In terms of animation quality, Madhouse studios, as per usual, doesn’t disappoint. Although there is a remarkably noticeable difference in animation quality between the opening and last episodes of the series (as always the big budget is spent on the two ends of the series), Devil May Cry screams pure, unadulterated style. The action sequences are fast, fluid and extremely stylish in presentation, following very much in the vein of the cut-scene style from the legendary game series. The demon character models start looking a bit flat and uninspired as the show progresses, but the main characters such as Dante, Lady and Trish never fail to shine.

Note that this is an older-teen orientated show, so there is a fair bit of on-screen violence and gore, particularly towards the end of the series.

Devil May Cry features a very competent voice cast, but it really is the soundtrack that shines above all. Heavy rock riffs feature throughout the show and add to the pace and style of every episode. If you enjoy music with a harder edge, then Devil May Cry certainly wont disappoint.
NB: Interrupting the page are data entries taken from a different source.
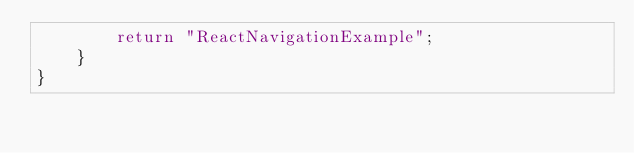Convert code to text. <code><loc_0><loc_0><loc_500><loc_500><_Java_>        return "ReactNavigationExample";
    }
}
</code> 
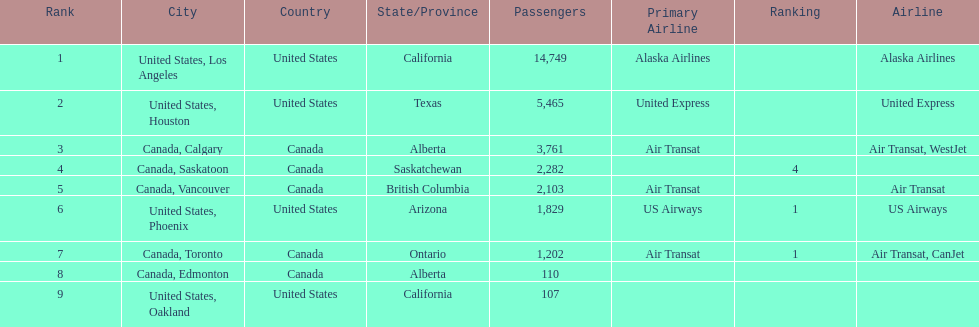What was the number of passengers in phoenix arizona? 1,829. 
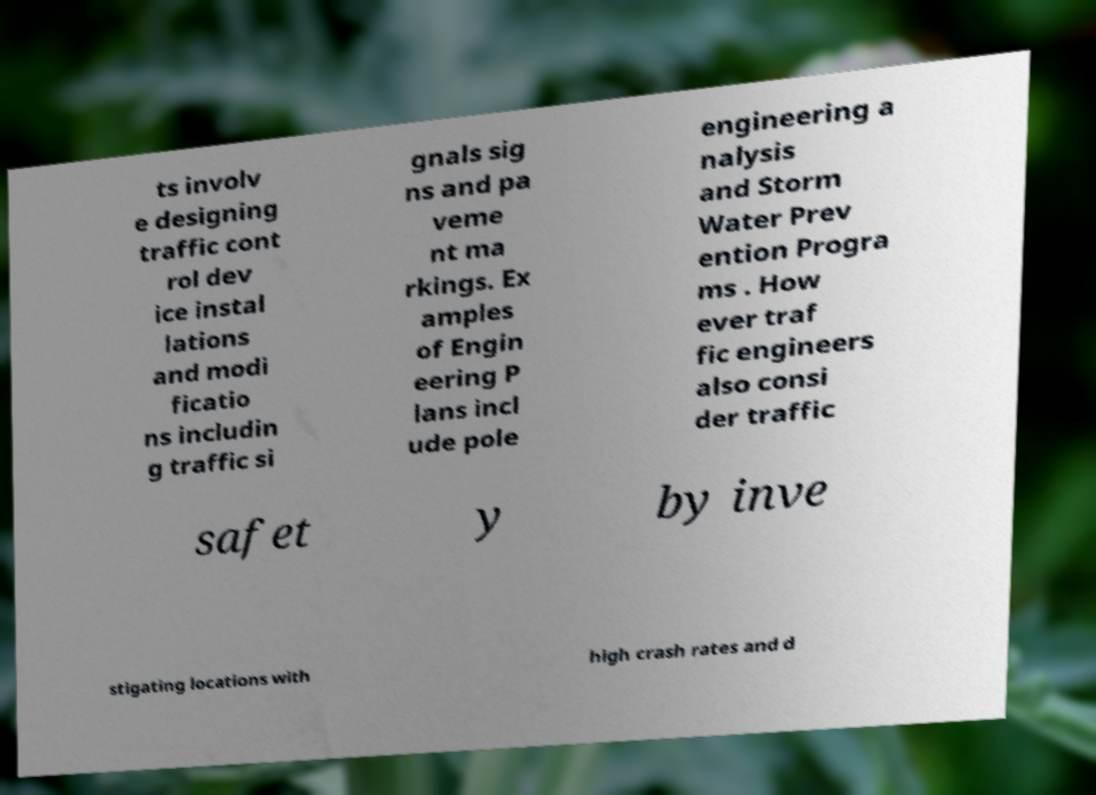Could you extract and type out the text from this image? ts involv e designing traffic cont rol dev ice instal lations and modi ficatio ns includin g traffic si gnals sig ns and pa veme nt ma rkings. Ex amples of Engin eering P lans incl ude pole engineering a nalysis and Storm Water Prev ention Progra ms . How ever traf fic engineers also consi der traffic safet y by inve stigating locations with high crash rates and d 
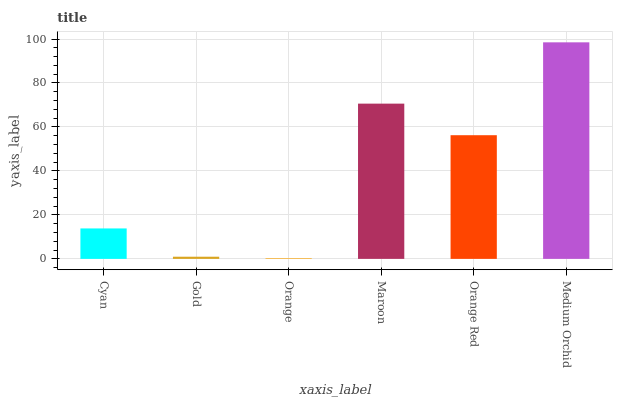Is Gold the minimum?
Answer yes or no. No. Is Gold the maximum?
Answer yes or no. No. Is Cyan greater than Gold?
Answer yes or no. Yes. Is Gold less than Cyan?
Answer yes or no. Yes. Is Gold greater than Cyan?
Answer yes or no. No. Is Cyan less than Gold?
Answer yes or no. No. Is Orange Red the high median?
Answer yes or no. Yes. Is Cyan the low median?
Answer yes or no. Yes. Is Maroon the high median?
Answer yes or no. No. Is Gold the low median?
Answer yes or no. No. 
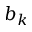<formula> <loc_0><loc_0><loc_500><loc_500>b _ { k }</formula> 
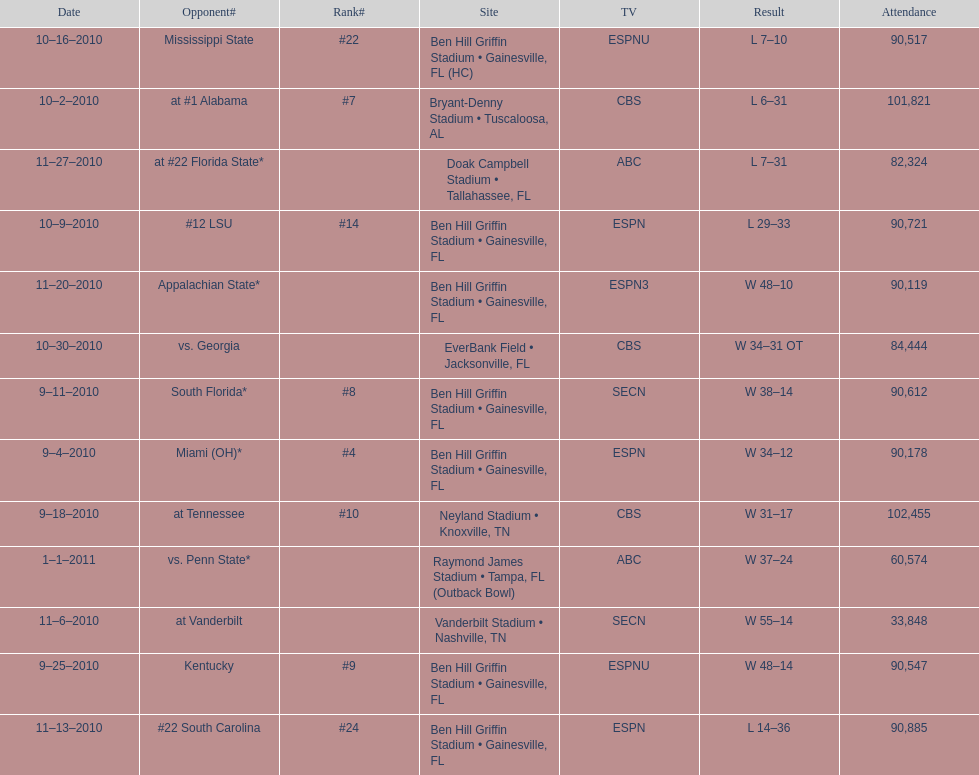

In summing it all up, to say that I was bitterly disappointed by this show is an understatement. As a fan of the game, the anime was perfectly adequate, just disappointing, while to any other anime fan this show would be pretty much an average affair and lie around on the heap with all the other mediocre titles around. The style and flair which Devil May Cry is known for has been captured well in the anime, but the lack of a cohesive storyline really, really hampers the enjoyment of this show and I can only recommend it being watched one episode at a time, spread over a decent length of time – It simply doesn’t warrant hording all the episodes and then watching everything at once.

Thank goodness it does at least try and save itself from complete ignominy by putting on a great show right at the death of the series, but it is too little too late though, and as much as I hate to say it, Devil May Cry should not be at the top of any anime fans must see list :(

Enjoyable, fun, but stops a long, long way off from being great.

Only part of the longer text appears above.